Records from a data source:
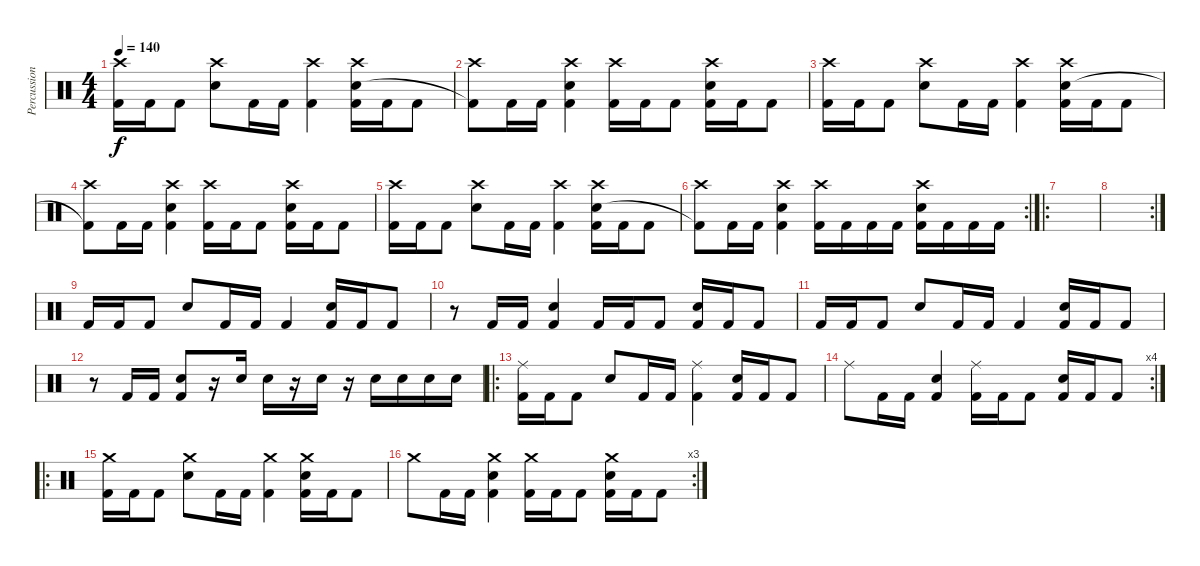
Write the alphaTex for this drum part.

\track ("Percussion" "Percussion") {instrument percussion}
\staff {score}
\articulation defaults
\ts (4 4)
\tempo 140
\clef neutral
\ks c
("Crash high (hit)" "Kick (hit) 2").16{dy f} "Kick (hit) 2".16 "Kick (hit) 2".8 ("Crash high (hit)" "Electric Snare (hit)").8 "Kick (hit) 2".16 "Kick (hit) 2".16 ("Crash high (hit)" "Kick (hit) 2").4 ("Crash high (hit)" "Electric Snare (hit)" "Kick (hit) 2").16 "Kick (hit) 2".16 "Kick (hit) 2".8 |
("Crash high (hit)" "Kick (hit) 2"{t}).8 "Kick (hit) 2".16 "Kick (hit) 2".16 ("Crash high (hit)" "Electric Snare (hit)" "Kick (hit) 2").4 ("Crash high (hit)" "Kick (hit) 2").16 "Kick (hit) 2".16 "Kick (hit) 2".8 ("Crash high (hit)" "Electric Snare (hit)" "Kick (hit) 2").16 "Kick (hit) 2".16 "Kick (hit) 2".8 |
("Crash high (hit)" "Kick (hit) 2").16 "Kick (hit) 2".16 "Kick (hit) 2".8 ("Crash high (hit)" "Electric Snare (hit)").8 "Kick (hit) 2".16 "Kick (hit) 2".16 ("Crash high (hit)" "Kick (hit) 2").4 ("Crash high (hit)" "Electric Snare (hit)" "Kick (hit) 2").16 "Kick (hit) 2".16 "Kick (hit) 2".8 |
("Crash high (hit)" "Kick (hit) 2"{t}).8 "Kick (hit) 2".16 "Kick (hit) 2".16 ("Crash high (hit)" "Electric Snare (hit)" "Kick (hit) 2").4 ("Crash high (hit)" "Kick (hit) 2").16 "Kick (hit) 2".16 "Kick (hit) 2".8 ("Crash high (hit)" "Electric Snare (hit)" "Kick (hit) 2").16 "Kick (hit) 2".16 "Kick (hit) 2".8 |
("Crash high (hit)" "Kick (hit) 2").16 "Kick (hit) 2".16 "Kick (hit) 2".8 ("Crash high (hit)" "Electric Snare (hit)").8 "Kick (hit) 2".16 "Kick (hit) 2".16 ("Crash high (hit)" "Kick (hit) 2").4 ("Crash high (hit)" "Electric Snare (hit)" "Kick (hit) 2").16 "Kick (hit) 2".16 "Kick (hit) 2".8 |
\rc 2
("Crash high (hit)" "Kick (hit) 2"{t}).8 "Kick (hit) 2".16 "Kick (hit) 2".16 ("Crash high (hit)" "Electric Snare (hit)" "Kick (hit) 2").4 ("Crash high (hit)" "Kick (hit) 2").16 "Kick (hit) 2".16 "Kick (hit) 2".16 "Kick (hit) 2".16 ("Crash high (hit)" "Electric Snare (hit)" "Kick (hit) 2").16 "Kick (hit) 2".16 "Kick (hit) 2".16 "Kick (hit) 2".16 |
\ro
|
\rc 2
|
"Kick (hit) 2".16 "Kick (hit) 2".16 "Kick (hit) 2".8 "Electric Snare (hit)".8 "Kick (hit) 2".16 "Kick (hit) 2".16 "Kick (hit) 2".4 ("Electric Snare (hit)" "Kick (hit) 2").16 "Kick (hit) 2".16 "Kick (hit) 2".8 |
r.8 "Kick (hit) 2".16 "Kick (hit) 2".16 ("Electric Snare (hit)" "Kick (hit) 2").4 "Kick (hit) 2".16 "Kick (hit) 2".16 "Kick (hit) 2".8 ("Electric Snare (hit)" "Kick (hit) 2").16 "Kick (hit) 2".16 "Kick (hit) 2".8 |
"Kick (hit) 2".16 "Kick (hit) 2".16 "Kick (hit) 2".8 "Electric Snare (hit)".8 "Kick (hit) 2".16 "Kick (hit) 2".16 "Kick (hit) 2".4 ("Electric Snare (hit)" "Kick (hit) 2").16 "Kick (hit) 2".16 "Kick (hit) 2".8 |
r.8 "Kick (hit) 2".16 "Kick (hit) 2".16 ("Electric Snare (hit)" "Kick (hit) 2").8 r.16 "Electric Snare (hit)".16 "Electric Snare (hit)".16 r.16 "Electric Snare (hit)".16 r.16 "Electric Snare (hit)".16 "Electric Snare (hit)".16 "Electric Snare (hit)".16 "Electric Snare (hit)".16 |
\ro
("Ride (middle)" "Kick (hit) 2").16 "Kick (hit) 2".16 "Kick (hit) 2".8 "Electric Snare (hit)".8 "Kick (hit) 2".16 "Kick (hit) 2".16 ("Ride (middle)" "Kick (hit) 2").4 ("Electric Snare (hit)" "Kick (hit) 2").16 "Kick (hit) 2".16 "Kick (hit) 2".8 |
\rc 4 "Ride (middle)".8 "Kick (hit) 2".16 "Kick (hit) 2".16
("Electric Snare (hit)" "Kick (hit) 2").4 ("Ride (middle)" "Kick (hit) 2").16 "Kick (hit) 2".16 "Kick (hit) 2".8 ("Electric Snare (hit)" "Kick (hit) 2").16 "Kick (hit) 2".16 "Kick (hit) 2".8 |
\ro
("Crash medium (hit)" "Kick (hit) 2").16 "Kick (hit) 2".16 "Kick (hit) 2".8 ("Crash medium (hit)" "Electric Snare (hit)").8 "Kick (hit) 2".16 "Kick (hit) 2".16 ("Crash medium (hit)" "Kick (hit) 2").4 ("Crash medium (hit)" "Electric Snare (hit)" "Kick (hit) 2").16 "Kick (hit) 2".16 "Kick (hit) 2".8 |
\rc 3 "Crash medium (hit)".8 "Kick (hit) 2".16 "Kick (hit) 2".16
("Crash medium (hit)" "Electric Snare (hit)" "Kick (hit) 2").4 ("Crash medium (hit)" "Kick (hit) 2").16 "Kick (hit) 2".16 "Kick (hit) 2".8 ("Crash medium (hit)" "Electric Snare (hit)" "Kick (hit) 2").16 "Kick (hit) 2".16 "Kick (hit) 2".8
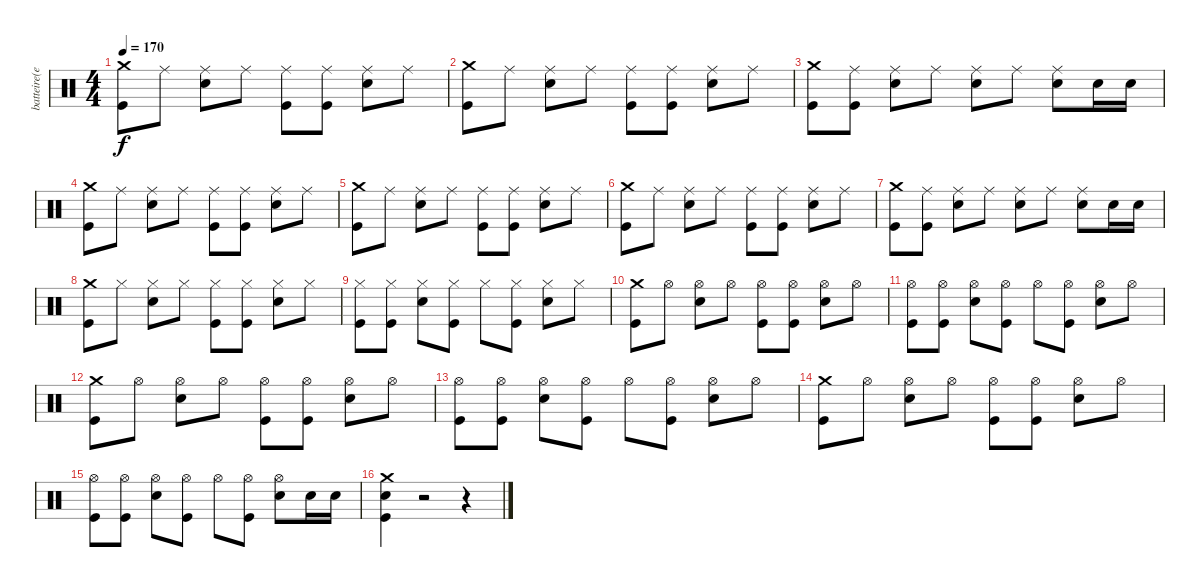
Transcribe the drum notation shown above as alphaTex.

\track ("batteire(eric)" "batteire(e") {instrument percussion}
\staff {score}
\articulation defaults
\ts (4 4)
\tempo 170
\clef neutral
\ks c
("Crash medium (hit)" "Kick (hit)").8{dy f} "Ride (middle)".8 ("Ride (middle)" "Snare (hit) 2").8 "Ride (middle)".8 ("Ride (middle)" "Kick (hit)").8 ("Ride (middle)" "Kick (hit)").8 ("Ride (middle)" "Snare (hit) 2").8 "Ride (middle)".8 |
("Crash medium (hit)" "Kick (hit)").8 "Ride (middle)".8 ("Ride (middle)" "Snare (hit) 2").8 "Ride (middle)".8 ("Ride (middle)" "Kick (hit)").8 ("Ride (middle)" "Kick (hit)").8 ("Ride (middle)" "Snare (hit) 2").8 "Ride (middle)".8 |
("Crash medium (hit)" "Kick (hit)").8 ("Ride (middle)" "Kick (hit)").8 ("Ride (middle)" "Snare (hit) 2").8 "Ride (middle)".8 ("Ride (middle)" "Snare (hit) 2").8 "Ride (middle)".8 ("Ride (middle)" "Snare (hit) 2").8 "Snare (hit) 2".16 "Snare (hit) 2".16 |
("Crash medium (hit)" "Kick (hit)").8 "Ride (middle)".8 ("Ride (middle)" "Snare (hit) 2").8 "Ride (middle)".8 ("Ride (middle)" "Kick (hit)").8 ("Ride (middle)" "Kick (hit)").8 ("Ride (middle)" "Snare (hit) 2").8 "Ride (middle)".8 |
("Crash medium (hit)" "Kick (hit)").8 "Ride (middle)".8 ("Ride (middle)" "Snare (hit) 2").8 "Ride (middle)".8 ("Ride (middle)" "Kick (hit)").8 ("Ride (middle)" "Kick (hit)").8 ("Ride (middle)" "Snare (hit) 2").8 "Ride (middle)".8 |
("Crash medium (hit)" "Kick (hit)").8 "Ride (middle)".8 ("Ride (middle)" "Snare (hit) 2").8 "Ride (middle)".8 ("Ride (middle)" "Kick (hit)").8 ("Ride (middle)" "Kick (hit)").8 ("Ride (middle)" "Snare (hit) 2").8 "Ride (middle)".8 |
("Crash medium (hit)" "Kick (hit)").8 ("Ride (middle)" "Kick (hit)").8 ("Ride (middle)" "Snare (hit) 2").8 "Ride (middle)".8 ("Ride (middle)" "Snare (hit) 2").8 "Ride (middle)".8 ("Ride (middle)" "Snare (hit) 2").8 "Snare (hit) 2".16 "Snare (hit) 2".16 |
("Crash medium (hit)" "Kick (hit)").8 "Hi-Hat (closed)".8 ("Hi-Hat (closed)" "Snare (hit) 2").8 "Hi-Hat (closed)".8 ("Hi-Hat (closed)" "Kick (hit)").8 ("Hi-Hat (closed)" "Kick (hit)").8 ("Hi-Hat (closed)" "Snare (hit) 2").8 "Hi-Hat (closed)".8 |
("Hi-Hat (closed)" "Kick (hit)").8 ("Hi-Hat (closed)" "Kick (hit)").8 ("Hi-Hat (closed)" "Snare (hit) 2").8 ("Hi-Hat (closed)" "Kick (hit)").8 "Hi-Hat (closed)".8 ("Hi-Hat (closed)" "Kick (hit)").8 ("Hi-Hat (closed)" "Snare (hit) 2").8 "Hi-Hat (closed)".8 |
("Crash medium (hit)" "Kick (hit)").8 "Hi-Hat (open)".8 ("Hi-Hat (open)" "Snare (hit) 2").8 "Hi-Hat (open)".8 ("Hi-Hat (open)" "Kick (hit)").8 ("Hi-Hat (open)" "Kick (hit)").8 ("Hi-Hat (open)" "Snare (hit) 2").8 "Hi-Hat (open)".8 |
("Hi-Hat (open)" "Kick (hit)").8 ("Hi-Hat (open)" "Kick (hit)").8 ("Hi-Hat (open)" "Snare (hit) 2").8 ("Hi-Hat (open)" "Kick (hit)").8 "Hi-Hat (open)".8 ("Hi-Hat (open)" "Kick (hit)").8 ("Hi-Hat (open)" "Snare (hit) 2").8 "Hi-Hat (open)".8 |
("Crash medium (hit)" "Kick (hit)").8 "Hi-Hat (open)".8 ("Hi-Hat (open)" "Snare (hit) 2").8 "Hi-Hat (open)".8 ("Hi-Hat (open)" "Kick (hit)").8 ("Hi-Hat (open)" "Kick (hit)").8 ("Hi-Hat (open)" "Snare (hit) 2").8 "Hi-Hat (open)".8 |
("Hi-Hat (open)" "Kick (hit)").8 ("Hi-Hat (open)" "Kick (hit)").8 ("Hi-Hat (open)" "Snare (hit) 2").8 ("Hi-Hat (open)" "Kick (hit)").8 "Hi-Hat (open)".8 ("Hi-Hat (open)" "Kick (hit)").8 ("Hi-Hat (open)" "Snare (hit) 2").8 "Hi-Hat (open)".8 |
("Crash medium (hit)" "Kick (hit)").8 "Hi-Hat (open)".8 ("Hi-Hat (open)" "Snare (hit) 2").8 "Hi-Hat (open)".8 ("Hi-Hat (open)" "Kick (hit)").8 ("Hi-Hat (open)" "Kick (hit)").8 ("Hi-Hat (open)" "Snare (hit) 2").8 "Hi-Hat (open)".8 |
("Hi-Hat (open)" "Kick (hit)").8 ("Hi-Hat (open)" "Kick (hit)").8 ("Hi-Hat (open)" "Snare (hit) 2").8 ("Hi-Hat (open)" "Kick (hit)").8 "Hi-Hat (open)".8 ("Hi-Hat (open)" "Kick (hit)").8 ("Hi-Hat (open)" "Snare (hit) 2").8 "Snare (hit) 2".16 "Snare (hit) 2".16 |
("Crash medium (hit)" "Snare (hit) 2" "Kick (hit)").4 r.2 r.4

▸ Work to complete: Select the lines from the entries that include the word "alphaTex".

▸ Reply:
Write the alphaTex for this drum part.
Transcribe the drum notation shown above as alphaTex.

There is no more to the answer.